*WORK REQUIRED*.
Look through the entries below and extract exactly the lines from the one containing "7) boy figurine" through the one containing "16) plant saucer [405,184,581,311]", ends included.

*RECORDS FOR THE EXERCISE*.
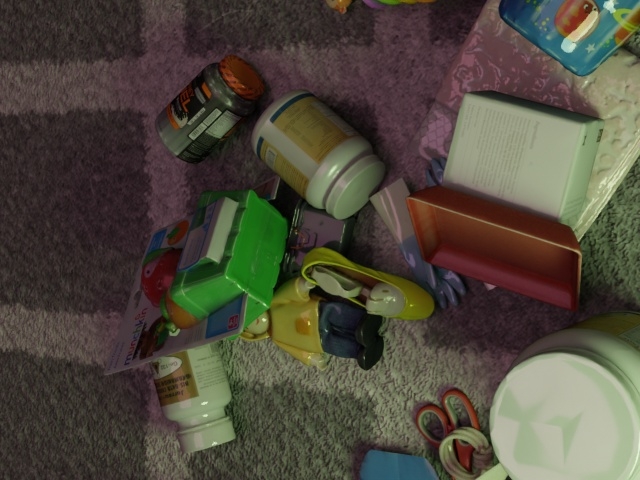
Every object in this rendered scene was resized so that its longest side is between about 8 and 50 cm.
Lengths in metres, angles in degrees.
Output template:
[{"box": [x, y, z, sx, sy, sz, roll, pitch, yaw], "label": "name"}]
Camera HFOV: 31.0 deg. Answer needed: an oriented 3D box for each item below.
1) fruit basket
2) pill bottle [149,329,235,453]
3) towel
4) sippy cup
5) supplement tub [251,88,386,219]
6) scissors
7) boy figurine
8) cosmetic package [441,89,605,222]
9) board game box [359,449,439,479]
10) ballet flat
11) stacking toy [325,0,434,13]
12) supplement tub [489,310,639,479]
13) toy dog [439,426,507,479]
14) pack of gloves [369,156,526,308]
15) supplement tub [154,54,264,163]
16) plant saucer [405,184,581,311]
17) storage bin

*SOLVED PROBLEM*.
7) boy figurine
8) cosmetic package [441,89,605,222]
9) board game box [359,449,439,479]
10) ballet flat
11) stacking toy [325,0,434,13]
12) supplement tub [489,310,639,479]
13) toy dog [439,426,507,479]
14) pack of gloves [369,156,526,308]
15) supplement tub [154,54,264,163]
16) plant saucer [405,184,581,311]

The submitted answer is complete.